Try it :: The reply must consist of the lines from the first line of the records through the line containing "rpy_deg=(roll, pitch, yaw))", copied exactly, with every picture omitted.

[Raw data — start]

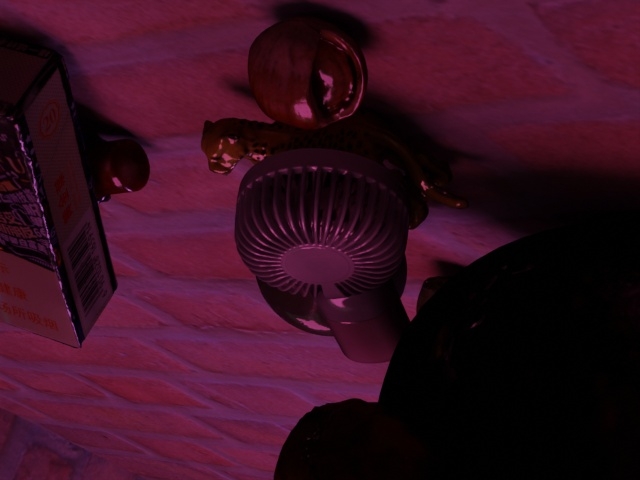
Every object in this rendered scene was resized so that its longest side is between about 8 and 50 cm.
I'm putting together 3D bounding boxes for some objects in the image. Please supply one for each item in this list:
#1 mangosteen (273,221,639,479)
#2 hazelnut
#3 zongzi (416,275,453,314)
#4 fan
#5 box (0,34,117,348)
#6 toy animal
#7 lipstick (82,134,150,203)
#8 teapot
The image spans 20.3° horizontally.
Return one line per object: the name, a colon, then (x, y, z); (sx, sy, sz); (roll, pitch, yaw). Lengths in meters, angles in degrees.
mangosteen: (0.190, 0.187, 1.352); (0.381, 0.421, 0.381); (57, 175, 7)
hazelnut: (-0.009, -0.116, 1.223); (0.086, 0.086, 0.086); (19, 163, 6)
zongzi: (0.160, 0.078, 1.654); (0.130, 0.062, 0.154); (4, 166, 11)
fan: (0.016, 0.019, 1.372); (0.130, 0.074, 0.244); (-5, 145, 15)
box: (-0.298, -0.052, 1.560); (0.198, 0.084, 0.310); (17, 144, 19)
toy animal: (0.013, -0.061, 1.365); (0.181, 0.073, 0.136); (1, 151, 46)
lipstick: (-0.270, -0.058, 1.676); (0.299, 0.081, 0.081); (-7, 149, 44)
teapot: (0.000, 0.000, 1.508); (0.166, 0.130, 0.119); (48, 155, 20)
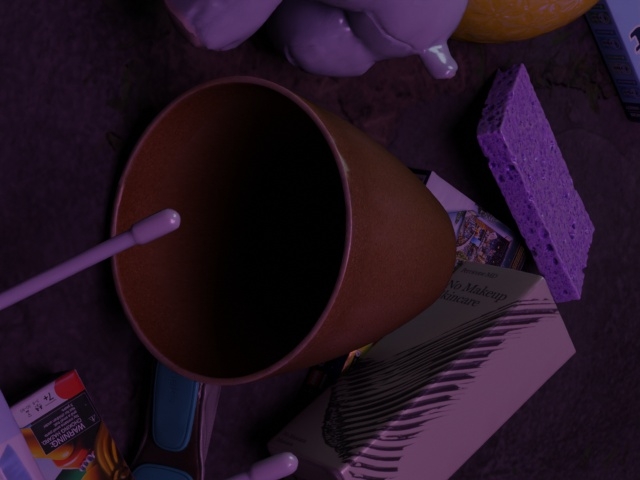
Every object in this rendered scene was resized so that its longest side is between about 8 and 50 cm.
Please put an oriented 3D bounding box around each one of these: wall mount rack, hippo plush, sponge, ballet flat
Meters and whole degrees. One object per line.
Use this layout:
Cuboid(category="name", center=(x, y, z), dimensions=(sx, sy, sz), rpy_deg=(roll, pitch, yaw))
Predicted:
Cuboid(category="wall mount rack", center=(-0.204, 0.141, 1.146), dimensions=(0.304, 0.130, 0.350), rpy_deg=(-27, 94, -32))
Cuboid(category="hippo plush", center=(0.019, -0.253, 1.276), dimensions=(0.236, 0.294, 0.234), rpy_deg=(26, 52, -58))
Cuboid(category="sponge", center=(0.212, -0.055, 1.553), dimensions=(0.210, 0.031, 0.117), rpy_deg=(62, 32, -28))
Cuboid(category="ballet flat", center=(-0.119, 0.180, 1.334), dimensions=(0.068, 0.072, 0.213), rpy_deg=(3, 100, -70))

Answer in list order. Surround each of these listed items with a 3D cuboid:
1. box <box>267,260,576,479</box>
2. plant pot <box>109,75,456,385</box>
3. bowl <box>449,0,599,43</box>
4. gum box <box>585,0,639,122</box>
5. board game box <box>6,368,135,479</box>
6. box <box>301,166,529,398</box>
Cuboid(category="box", center=(0.093, 0.139, 1.411), dimensions=(0.275, 0.113, 0.094), rpy_deg=(-42, 120, -27))
Cuboid(category="plant pot", center=(0.000, 0.000, 1.313), dimensions=(0.254, 0.237, 0.237), rpy_deg=(6, 94, -53))
Cuboid(category="bowl", center=(0.196, -0.309, 1.414), dimensions=(0.289, 0.156, 0.289), rpy_deg=(-8, 107, -28))
Cuboid(category="gum box", center=(0.350, -0.242, 1.659), dimensions=(0.157, 0.041, 0.184), rpy_deg=(-46, 122, -25))
Cuboid(category="board game box", center=(-0.269, 0.255, 1.194), dimensions=(0.305, 0.053, 0.193), rpy_deg=(-32, 99, -31))
Cuboid(category="box", center=(0.094, 0.070, 1.501), dimensions=(0.159, 0.044, 0.233), rpy_deg=(34, 76, -38))
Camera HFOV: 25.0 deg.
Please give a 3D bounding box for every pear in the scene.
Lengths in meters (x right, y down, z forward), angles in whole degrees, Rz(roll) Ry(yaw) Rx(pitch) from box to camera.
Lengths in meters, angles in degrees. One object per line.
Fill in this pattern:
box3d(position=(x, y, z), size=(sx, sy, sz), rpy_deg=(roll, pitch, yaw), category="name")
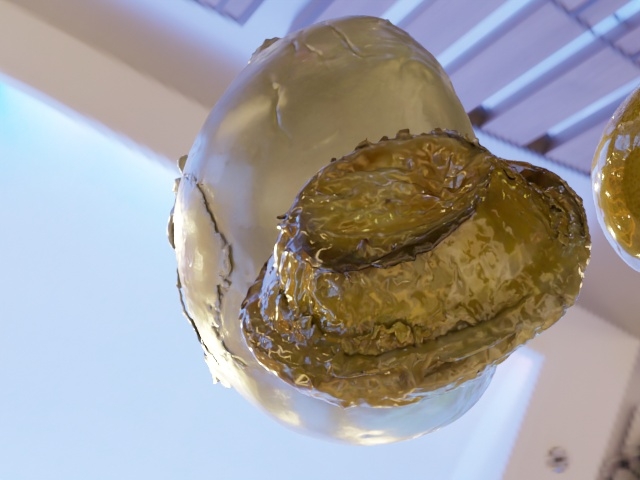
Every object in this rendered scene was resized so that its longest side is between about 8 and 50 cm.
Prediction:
box3d(position=(0.342, -0.063, 1.272), size=(0.209, 0.209, 0.209), rpy_deg=(5, -104, -19), category="pear")

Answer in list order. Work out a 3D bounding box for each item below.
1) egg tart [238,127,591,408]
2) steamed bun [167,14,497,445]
box3d(position=(0.043, 0.001, 0.735), size=(0.191, 0.191, 0.074), rpy_deg=(-34, -57, -24), category="egg tart")
box3d(position=(0.000, 0.000, 1.136), size=(0.233, 0.312, 0.333), rpy_deg=(-14, -82, -8), category="steamed bun")
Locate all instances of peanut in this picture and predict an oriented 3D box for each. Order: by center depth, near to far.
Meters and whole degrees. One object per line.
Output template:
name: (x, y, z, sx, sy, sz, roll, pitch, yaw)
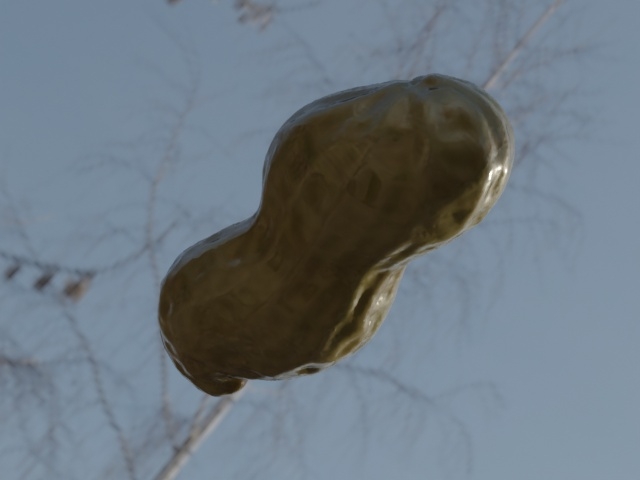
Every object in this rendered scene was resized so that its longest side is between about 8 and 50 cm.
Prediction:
peanut: (0.000, 0.000, 0.705, 0.082, 0.082, 0.187, 41, -57, -1)

[Raw data — finish]

Answer area ::
Every object in this rendered scene was resized so that its longest side is between about 8 and 50 cm.
I'm putting together 3D bounding boxes for some objects in the image. Please supply one for each item in this list:
#1 mangosteen (273,221,639,479)
#2 hazelnut
#3 zongzi (416,275,453,314)
#4 fan
#5 box (0,34,117,348)
#6 toy animal
#7 lipstick (82,134,150,203)
#8 teapot
The image spans 20.3° horizontally.
Return one line per object: the name, a colon, then (x, y, z); (sx, sy, sz); (roll, pitch, yaw). Lengths in meters, angles in degrees.
mangosteen: (0.190, 0.187, 1.352); (0.381, 0.421, 0.381); (57, 175, 7)
hazelnut: (-0.009, -0.116, 1.223); (0.086, 0.086, 0.086); (19, 163, 6)
zongzi: (0.160, 0.078, 1.654); (0.130, 0.062, 0.154); (4, 166, 11)
fan: (0.016, 0.019, 1.372); (0.130, 0.074, 0.244); (-5, 145, 15)
box: (-0.298, -0.052, 1.560); (0.198, 0.084, 0.310); (17, 144, 19)
toy animal: (0.013, -0.061, 1.365); (0.181, 0.073, 0.136); (1, 151, 46)
lipstick: (-0.270, -0.058, 1.676); (0.299, 0.081, 0.081); (-7, 149, 44)
teapot: (0.000, 0.000, 1.508); (0.166, 0.130, 0.119); (48, 155, 20)
Every object in this rendered scene was resized so that its longest side is between about 8 and 50 cm.
Please put an oriented 3D bounding box around each one of these: wall mount rack, hippo plush, sponge, ballet flat
Meters and whole degrees. One object per line.
Use this layout:
Cuboid(category="name", center=(x, y, z), dimensions=(sx, sy, sz), rpy_deg=(roll, pitch, yaw))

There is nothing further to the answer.